What you will do —
Omit every picture and return the rest of the data unaltered.

»»

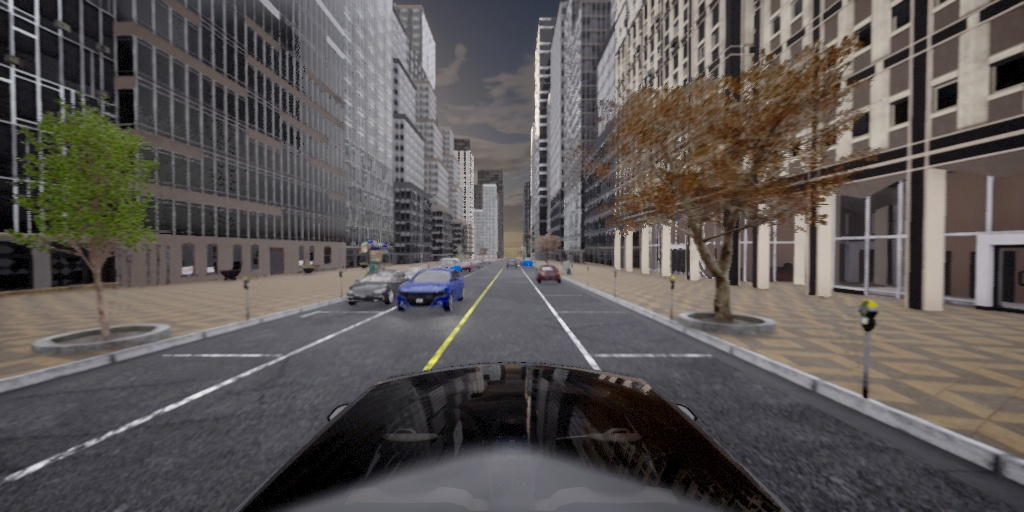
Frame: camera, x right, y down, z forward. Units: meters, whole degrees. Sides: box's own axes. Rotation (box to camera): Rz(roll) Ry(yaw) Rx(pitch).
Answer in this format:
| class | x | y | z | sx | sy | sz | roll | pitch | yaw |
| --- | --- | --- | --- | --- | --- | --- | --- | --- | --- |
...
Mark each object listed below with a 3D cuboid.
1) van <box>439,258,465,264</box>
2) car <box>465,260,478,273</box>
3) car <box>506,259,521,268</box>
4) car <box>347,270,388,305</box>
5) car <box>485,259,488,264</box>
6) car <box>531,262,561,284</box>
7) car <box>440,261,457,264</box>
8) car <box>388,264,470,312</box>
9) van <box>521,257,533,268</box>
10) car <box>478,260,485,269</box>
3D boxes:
| class | x | y | z | sx | sy | sz | roll | pitch | yaw |
| --- | --- | --- | --- | --- | --- | --- | --- | --- | --- |
| van | -5.689 | 1.092 | 32.732 | 1.690 | 1.789 | 3.998 | 0 | 0 | 0 |
| car | -5.690 | 1.301 | 43.983 | 1.888 | 1.381 | 4.507 | 0 | 0 | 0 |
| car | 0.000 | 1.260 | 59.681 | 2.128 | 1.511 | 4.902 | 0 | 0 | 0 |
| car | -5.690 | 1.298 | 15.858 | 2.007 | 1.370 | 4.403 | 0 | 0 | 0 |
| car | -5.690 | 1.320 | 60.858 | 2.007 | 1.370 | 4.403 | 0 | 0 | 0 |
| car | 2.692 | 1.331 | 27.109 | 1.802 | 1.307 | 4.207 | 0 | 0 | 0 |
| car | -5.689 | 1.294 | 27.108 | 1.888 | 1.381 | 4.507 | 0 | 0 | 0 |
| car | -3.064 | 1.225 | 14.425 | 1.882 | 1.535 | 5.008 | 0 | 0 | 0 |
| van | 2.691 | 1.110 | 60.859 | 1.690 | 1.789 | 3.998 | 0 | 0 | 0 |
| car | -5.689 | 1.315 | 55.233 | 2.007 | 1.370 | 4.403 | 0 | 0 | 0 |

««

Output —
Frame: camera, x right, y down, z forward. Units: meters, whole degrees. Sides: box's own axes. Rotation (box to camera): Rz(roll) Ry(yaw) Rx(pitch).
Answer in this format:
| class | x | y | z | sx | sy | sz | roll | pitch | yaw |
| --- | --- | --- | --- | --- | --- | --- | --- | --- | --- |
...
Mark each object listed below with a 3D cuboid.
1) van <box>439,258,465,264</box>
2) car <box>465,260,478,273</box>
3) car <box>506,259,521,268</box>
4) car <box>347,270,388,305</box>
5) car <box>485,259,488,264</box>
6) car <box>531,262,561,284</box>
7) car <box>440,261,457,264</box>
8) car <box>388,264,470,312</box>
9) van <box>521,257,533,268</box>
10) car <box>478,260,485,269</box>
3D boxes:
| class | x | y | z | sx | sy | sz | roll | pitch | yaw |
| --- | --- | --- | --- | --- | --- | --- | --- | --- | --- |
| van | -5.689 | 1.092 | 32.732 | 1.690 | 1.789 | 3.998 | 0 | 0 | 0 |
| car | -5.690 | 1.301 | 43.983 | 1.888 | 1.381 | 4.507 | 0 | 0 | 0 |
| car | 0.000 | 1.260 | 59.681 | 2.128 | 1.511 | 4.902 | 0 | 0 | 0 |
| car | -5.690 | 1.298 | 15.858 | 2.007 | 1.370 | 4.403 | 0 | 0 | 0 |
| car | -5.690 | 1.320 | 60.858 | 2.007 | 1.370 | 4.403 | 0 | 0 | 0 |
| car | 2.692 | 1.331 | 27.109 | 1.802 | 1.307 | 4.207 | 0 | 0 | 0 |
| car | -5.689 | 1.294 | 27.108 | 1.888 | 1.381 | 4.507 | 0 | 0 | 0 |
| car | -3.064 | 1.225 | 14.425 | 1.882 | 1.535 | 5.008 | 0 | 0 | 0 |
| van | 2.691 | 1.110 | 60.859 | 1.690 | 1.789 | 3.998 | 0 | 0 | 0 |
| car | -5.689 | 1.315 | 55.233 | 2.007 | 1.370 | 4.403 | 0 | 0 | 0 |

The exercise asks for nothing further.